Inspiring story about a boy who rises above his circumstances and learns to give the greatest gift of all ...
It’s Christmas day. For Antony, this is another day spent in a white-walled hospital. His family celebrates Christmas five kilometres away. They feast on stuffed cabbage rolls and slurp avgolemono - hot chicken and rice soup mixed with eggs and lemon juice. Afterwards, Antony's family drinks coffee, smokes cigarettes, and shares stories while enjoying melomakarona cookies spiced with cinnamon and orange.
In the corner of the family room sits an evergreen tree adorned with ribbons and fairy lights. But for Antony, just like last Christmas, he can't enjoy the Christmas lights. Instead, he's surrounded by flashes of red from arriving ambulances and beeping bedside monitors.
The Boy Who Hated Santa Claus
Antony was born in a little village in Macedonia. A village where old stone buildings could tell stories of a thousand years past. The kind of place where ancient trees keep secrets; from stories of wars won and lost, stories of love and laughter, and the lives of people who have dwelled there for centuries. Antony's village is a place where you can take a casual stroll and stumble upon fields with looted graves, dug-out holes pillaged and left gaping open for you to gawk upon their loss and emptiness. A place where tradition stays strong and religious festivities are upheld with the highest honour.
In a conversation over dinner, Antony revealed how as a boy he hated Santa. He frowned in disdain when he said, "Santa Claus". He raised his arms, Macedonian style, waved his hands, palms heavenward, and jerked them back suddenly in a gesture that says, “Be off with him”.

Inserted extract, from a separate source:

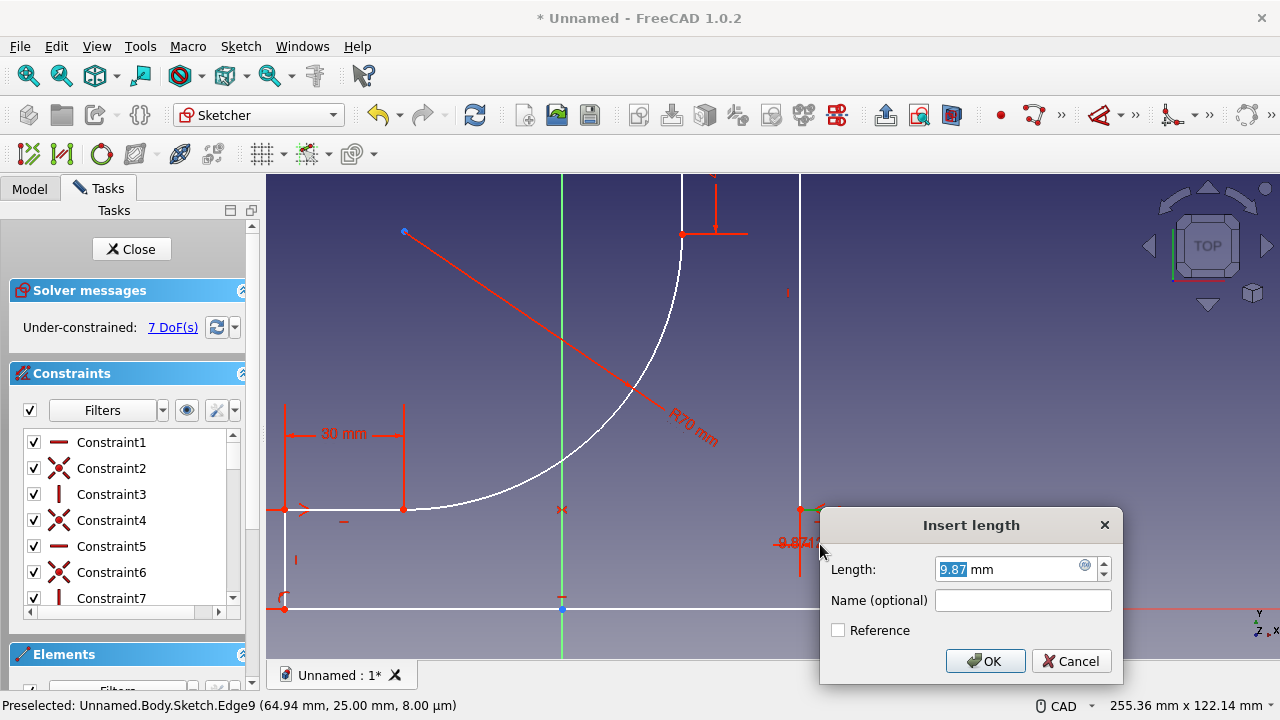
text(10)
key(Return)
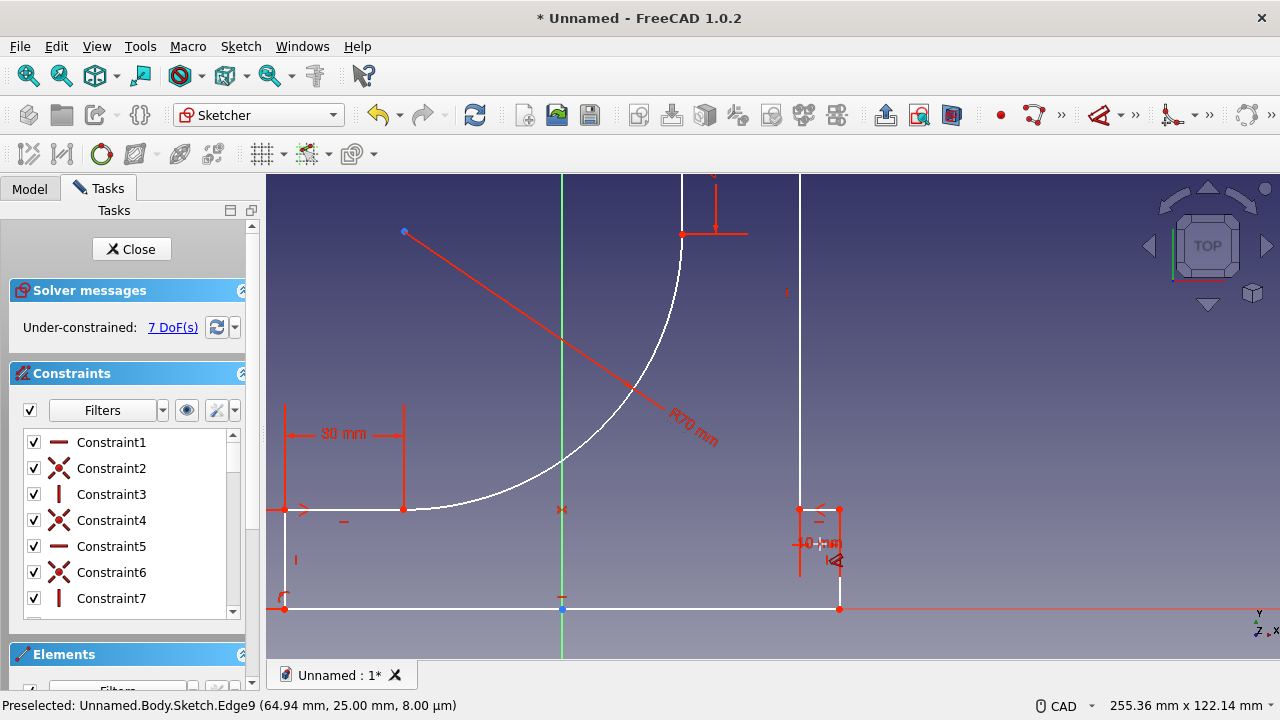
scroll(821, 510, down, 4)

“But, why did you hate Santa? Was it because you knew he wasn't real?” I asked Antony. “No!” Antony laughed out loud. “It’s because Santa never brought me Christmas presents”. His laugh turned into a contagious bellow, and he continued. “All the other children in the village got Christmas presents. But me, nothing. Never. Nothing”. Antony spoke even louder and laughed harder. He threw his head back, and I couldn't help but join the hysteria of the boy who hated Santa Claus.
Antony continued to explain. As a boy, his parents couldn’t afford to buy him gifts. He was left to think Santa was an awful magical man who always forgot him. Santa brought the other children gifts, but nothing for him. I felt sad for Antony as I imagined what it was like for him to watch all the other kids open their Christmas presents on Christmas morning.

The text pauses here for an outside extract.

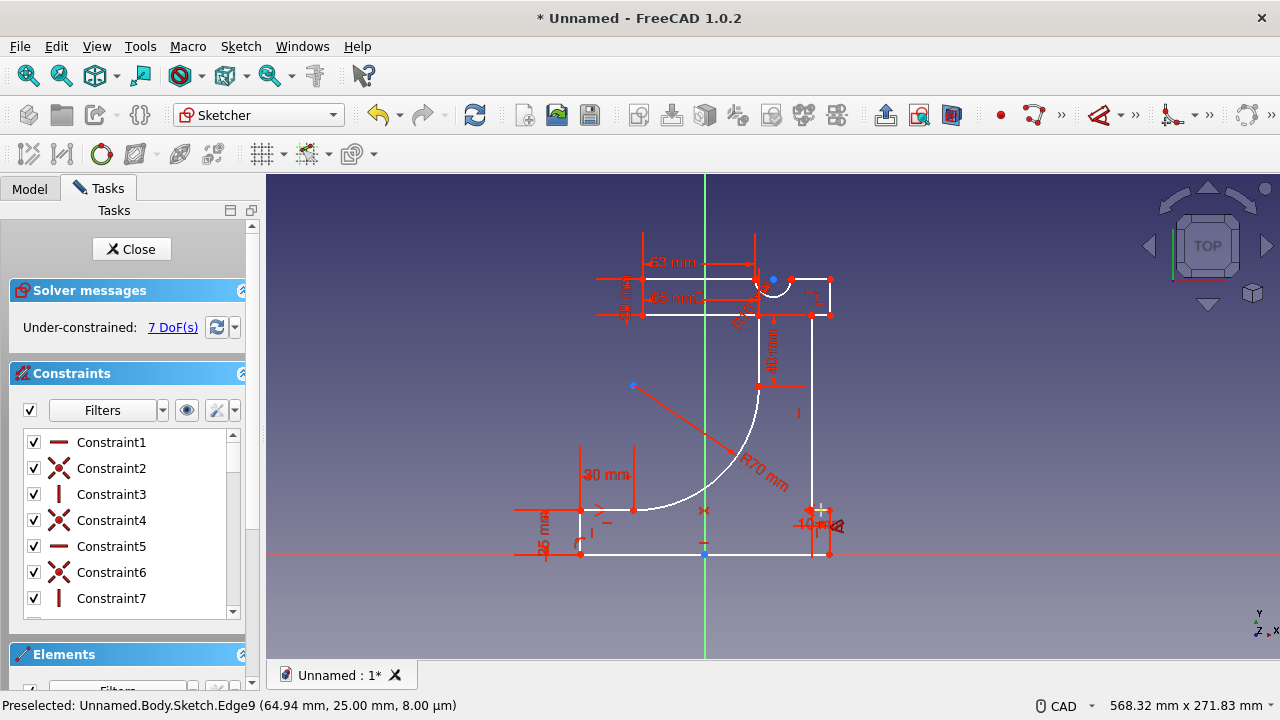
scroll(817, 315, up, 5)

But now, Antony's all grown up. It’s Christmas again, and his laughter says he is over his hatred for Santa. Turns out, while other children in the village played with new toys, Antony passed the time reading his older brother’s medical textbooks. His appetite for reading, and the example his older brother set, inspired him to study hard and become a doctor. And study hard he did. Antony is now a senior Cardiologist. He works tirelessly at the hospital, close to the village where he grew up.
Antony was a boy who grew up without gifts at Christmas. He knows what it means to go without, to sometimes go to bed hungry. Over the holiday season, hospitals see a spike in heart-related emergencies.

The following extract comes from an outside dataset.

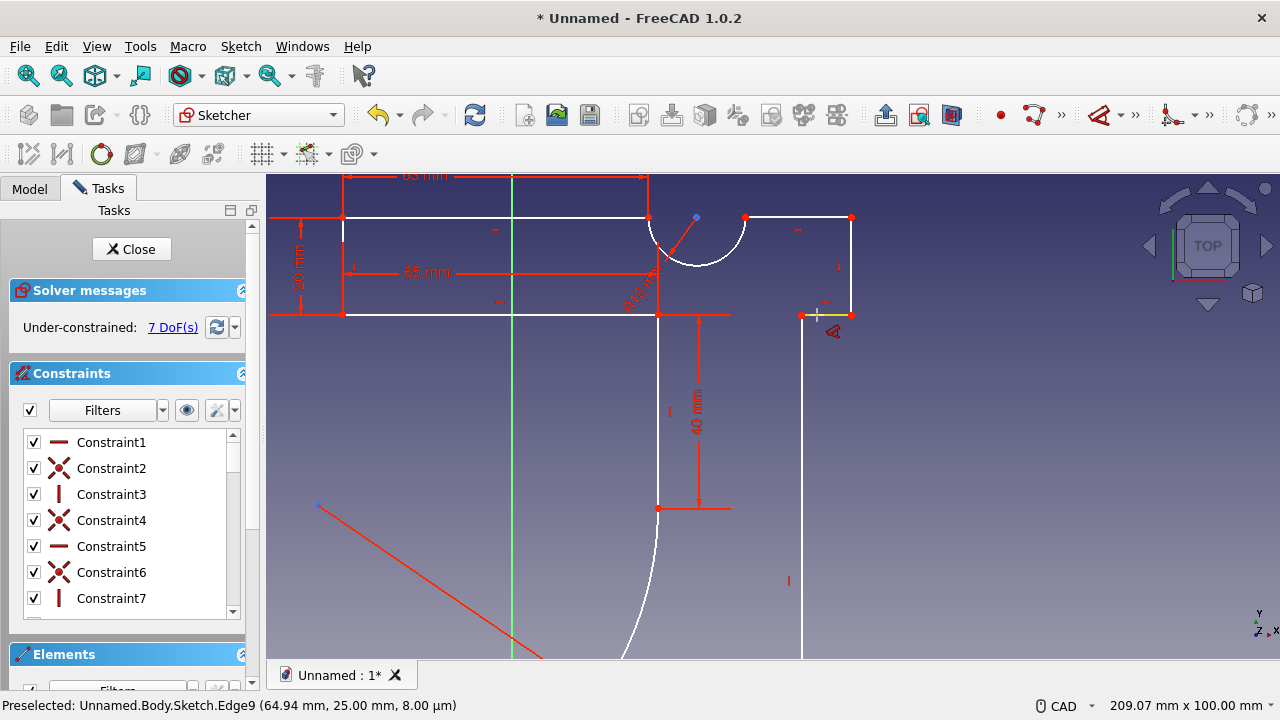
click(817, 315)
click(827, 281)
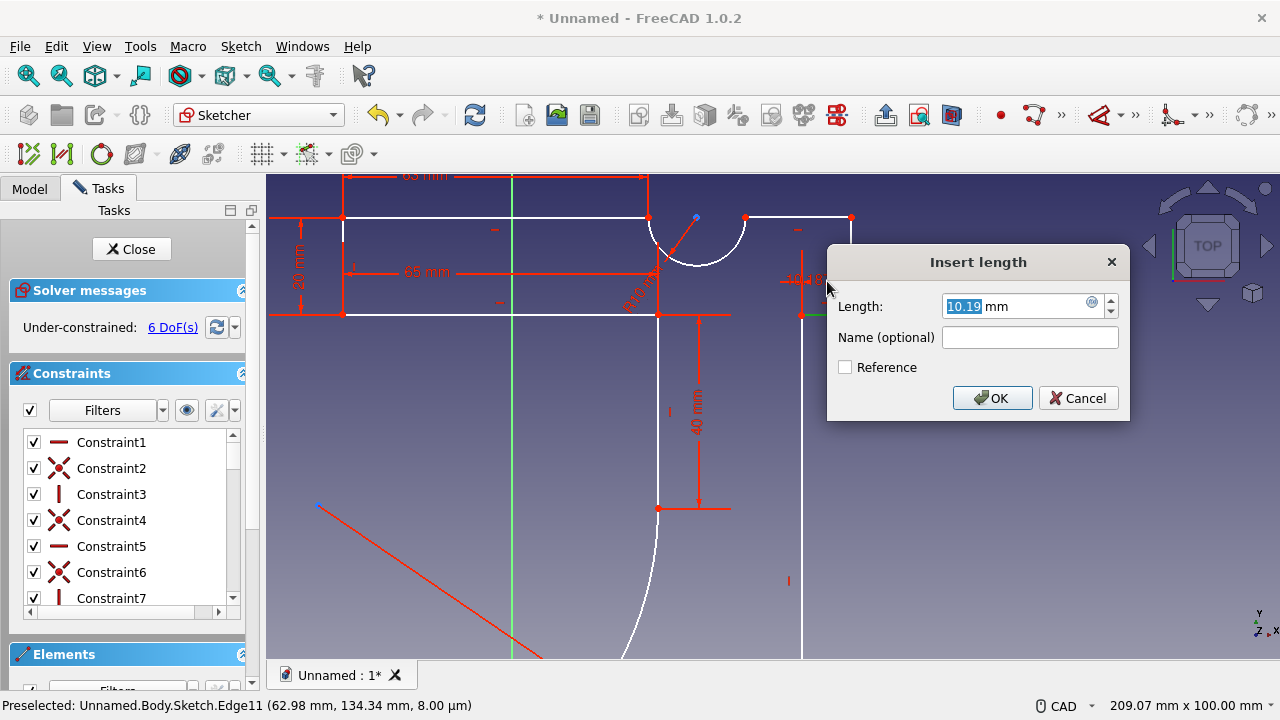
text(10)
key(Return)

Doctors are especially needed, and Antony is not relying on Santa to deliver. He is at the hospital faithfully giving out the greatest gift of all.
He is saving lives.
Antony teaches us that we can rise from humble beginnings. His story shows us that though we may not grow up having what others do, with the right motive, mentors, and hard work, we can get an education and do something great …
Because something’s for certain, Santa Claus isn’t going to do it for us.